Centre pour l’Education, la Formation et l’Appui aux Initiatives de Développement (CEFAID)
Le CEFAID est une OSC Camerounaise active dans la gestion durable des ressources naturelles (terre, forêts, faune, mines) et l’accès aux services sociaux de base (l'éducation, justice, citoyenneté, emploi, santé) à travers l’information, la sensibilisation, l’animation, la formation, l’appui conseil, l’accompagnement technique, la recherche et le plaidoyer dans une approche basée sur les droits. Sa vision qui ambitionne pour une société dans laquelle les population locales et autochtones jouissent pleinement de leurs droits et s’épanouissent a pour mission la promotion et la protection des droits des couches les plus défavorisées. Son objectif est ainsi d’améliorer les conditions de vie de ses groupes cibles à travers des appuis techniques pouvant conduire à leur autonomisation.
Community Aid (COMAID)
COMAID est une organisation de la société civile fondée en 2007 au Cameroun, qui travaille dans les domaines de la gouvernance foncière, de la conservation de la biodiversité, des systèmes d'information géographique, de la chaîne de valeur et du développement institutionnel. COMAID a aidé les communautés locales de la plaine de Mbaw dans la région du Nord-Ouest à améliorer leur gouvernance des terres et des ressources naturelles ainsi que les processus politiques de la réforme foncière en cours au Cameroun.

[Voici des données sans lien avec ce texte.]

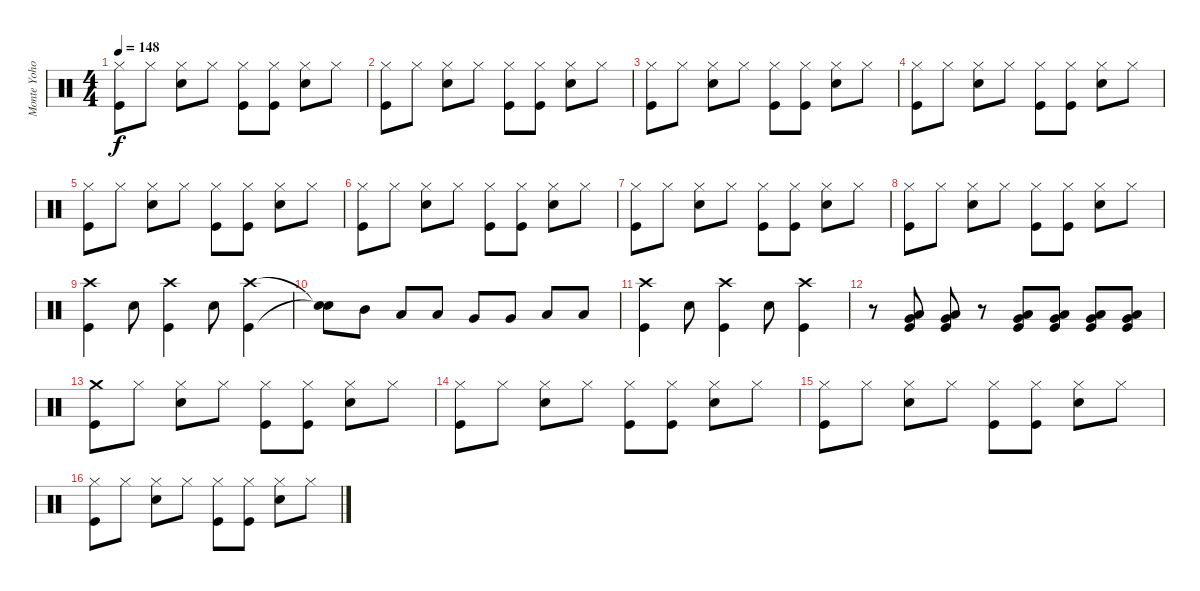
\track ("Monte Yoho Drums" "Monte Yoho") {instrument percussion}
\staff {score}
\articulation defaults
\ts (4 4)
\tempo 148
\clef neutral
\ks c
("Hi-Hat (closed)" "Kick (hit)").8{dy f} "Hi-Hat (closed)".8 ("Hi-Hat (closed)" "Snare (hit) 2").8 "Hi-Hat (closed)".8 ("Hi-Hat (closed)" "Kick (hit)").8 ("Hi-Hat (closed)" "Kick (hit)").8 ("Hi-Hat (closed)" "Snare (hit) 2").8 "Hi-Hat (closed)".8 |
("Hi-Hat (closed)" "Kick (hit)").8 "Hi-Hat (closed)".8 ("Hi-Hat (closed)" "Snare (hit) 2").8 "Hi-Hat (closed)".8 ("Hi-Hat (closed)" "Kick (hit)").8 ("Hi-Hat (closed)" "Kick (hit)").8 ("Hi-Hat (closed)" "Snare (hit) 2").8 "Hi-Hat (closed)".8 |
("Hi-Hat (closed)" "Kick (hit)").8 "Hi-Hat (closed)".8 ("Hi-Hat (closed)" "Snare (hit) 2").8 "Hi-Hat (closed)".8 ("Hi-Hat (closed)" "Kick (hit)").8 ("Hi-Hat (closed)" "Kick (hit)").8 ("Hi-Hat (closed)" "Snare (hit) 2").8 "Hi-Hat (closed)".8 |
("Hi-Hat (closed)" "Kick (hit)").8 "Hi-Hat (closed)".8 ("Hi-Hat (closed)" "Snare (hit) 2").8 "Hi-Hat (closed)".8 ("Hi-Hat (closed)" "Kick (hit)").8 ("Hi-Hat (closed)" "Kick (hit)").8 ("Hi-Hat (closed)" "Snare (hit) 2").8 "Hi-Hat (closed)".8 |
("Hi-Hat (closed)" "Kick (hit)").8 "Hi-Hat (closed)".8 ("Hi-Hat (closed)" "Snare (hit) 2").8 "Hi-Hat (closed)".8 ("Hi-Hat (closed)" "Kick (hit)").8 ("Hi-Hat (closed)" "Kick (hit)").8 ("Hi-Hat (closed)" "Snare (hit) 2").8 "Hi-Hat (closed)".8 |
("Hi-Hat (closed)" "Kick (hit)").8 "Hi-Hat (closed)".8 ("Hi-Hat (closed)" "Snare (hit) 2").8 "Hi-Hat (closed)".8 ("Hi-Hat (closed)" "Kick (hit)").8 ("Hi-Hat (closed)" "Kick (hit)").8 ("Hi-Hat (closed)" "Snare (hit) 2").8 "Hi-Hat (closed)".8 |
("Hi-Hat (closed)" "Kick (hit)").8 "Hi-Hat (closed)".8 ("Hi-Hat (closed)" "Snare (hit) 2").8 "Hi-Hat (closed)".8 ("Hi-Hat (closed)" "Kick (hit)").8 ("Hi-Hat (closed)" "Kick (hit)").8 ("Hi-Hat (closed)" "Snare (hit) 2").8 "Hi-Hat (closed)".8 |
("Hi-Hat (closed)" "Kick (hit)").8 "Hi-Hat (closed)".8 ("Hi-Hat (closed)" "Snare (hit) 2").8 "Hi-Hat (closed)".8 ("Hi-Hat (closed)" "Kick (hit)").8 ("Hi-Hat (closed)" "Kick (hit)").8 ("Hi-Hat (closed)" "Snare (hit) 2").8 "Hi-Hat (closed)".8 |
("Crash high (hit)" "Kick (hit)").4 "Snare (hit) 2".8 ("Crash high (hit)" "Kick (hit)").4 "Snare (hit) 2".8 ("Crash high (hit)" "Kick (hit)").4 |
("Snare (hit)"{t} "Snare (hit)"{t}).8 "Mid Tom (hit)".8 "Low Tom (hit)".8 "Low Tom (hit)".8 "Very Low Tom (hit)".8 "Very Low Tom (hit)".8 "Low Floor Tom (hit)".8 "Low Floor Tom (hit)".8 |
("Crash high (hit)" "Kick (hit)").4 "Snare (hit) 2".8 ("Crash high (hit)" "Kick (hit)").4 "Snare (hit) 2".8 ("Crash high (hit)" "Kick (hit)").4 |
r.8 ("Low Tom (hit)" "Very Low Tom (hit)" "Kick (hit)").8 ("Low Tom (hit)" "Very Low Tom (hit)" "Kick (hit)").8 r.8 ("Low Tom (hit)" "Very Low Tom (hit)" "Kick (hit)").8 ("Low Tom (hit)" "Very Low Tom (hit)" "Kick (hit)").8 ("Low Tom (hit)" "Very Low Tom (hit)" "Kick (hit)").8 ("Low Tom (hit)" "Very Low Tom (hit)" "Kick (hit)").8 |
("Crash medium (hit)" "Kick (hit)").8 "Hi-Hat (closed)".8 ("Hi-Hat (closed)" "Snare (hit) 2").8 "Hi-Hat (closed)".8 ("Hi-Hat (closed)" "Kick (hit)").8 ("Hi-Hat (closed)" "Kick (hit)").8 ("Hi-Hat (closed)" "Snare (hit) 2").8 "Hi-Hat (closed)".8 |
("Hi-Hat (closed)" "Kick (hit)").8 "Hi-Hat (closed)".8 ("Hi-Hat (closed)" "Snare (hit) 2").8 "Hi-Hat (closed)".8 ("Hi-Hat (closed)" "Kick (hit)").8 ("Hi-Hat (closed)" "Kick (hit)").8 ("Hi-Hat (closed)" "Snare (hit) 2").8 "Hi-Hat (closed)".8 |
("Hi-Hat (closed)" "Kick (hit)").8 "Hi-Hat (closed)".8 ("Hi-Hat (closed)" "Snare (hit) 2").8 "Hi-Hat (closed)".8 ("Hi-Hat (closed)" "Kick (hit)").8 ("Hi-Hat (closed)" "Kick (hit)").8 ("Hi-Hat (closed)" "Snare (hit) 2").8 "Hi-Hat (closed)".8 |
("Hi-Hat (closed)" "Kick (hit)").8 "Hi-Hat (closed)".8 ("Hi-Hat (closed)" "Snare (hit) 2").8 "Hi-Hat (closed)".8 ("Hi-Hat (closed)" "Kick (hit)").8 ("Hi-Hat (closed)" "Kick (hit)").8 ("Hi-Hat (closed)" "Snare (hit) 2").8 "Hi-Hat (closed)".8

Stratégie Nationale d’Engagement (SNE)
La Stratégies Nationales d’engagement (SNE) Cameroun est un processus multipartites mis en place par la Coalition internationale pour l’accès à la terre (ILC) afin de promouvoir la gouvernance foncière centrée sur les personnes, et d’appuyer la mise en œuvre des directives volontaires pour une Gouvernance Responsable des Régimes Fonciers applicables aux terres, aux pêches et aux forêts. Au Cameroun, la plateforme est composée de 25 institutions qui visent à contribuer à l’amélioration de la gouvernance foncière et des ressources naturelles à travers l’adoption et la mise en œuvre des textes et pratiques qui permettent une gestion équitable et durable à même d’assurer le bien-être de tous.
Milieudefensie
Milieudefensie est basée aux Pays-Bas et fait partie du réseau de justice environnementale des Amis de la Terre. Sa campagne forestière vise à mettre un terme à l'expansion des plantations industrielles de monoculture et aux abus environnementaux et sociaux qui en découlent. Ils militent pour une société fondée sur la souveraineté et la participation des peuples. Fondée sur la justice sociale, économique, de genre et environnementale, elle doit être libre de toute forme de domination et d'exploitation, telles que le néolibéralisme, la mondialisation des entreprises, le néocolonialisme et le militarisme.
LandCam
LandCam est un projet qui a pour objectif de sécuriser les droits liés aux terres et aux ressources et améliorer la gouvernance foncière au Cameroun. Mis en œuvre depuis 2017 pour une durée de 5 ans, LandCam collabore avec les principales parties prenantes à travers le Cameroun pour améliorer les droits coutumiers et officiels liés à la terre et aux ressources naturelles en conduisant au niveau local des initiatives innovantes pour une meilleure gouvernance foncière, et en contribuant aux réformes des politiques en la matière. L’IIED (Institut International pour l’Environnement et le Développement), le CED (Centre pour l’Environnement et le Développement) et le RELUFA (Réseau de Lutte contre la Faim) sont les organisations chargées de la mise en œuvre du projet LandCam, en collaboration avec un ensemble de partenaires au Cameroun et à l’international, parmi lesquels NES Cameroon, ILC Afrique et Milieudefensie.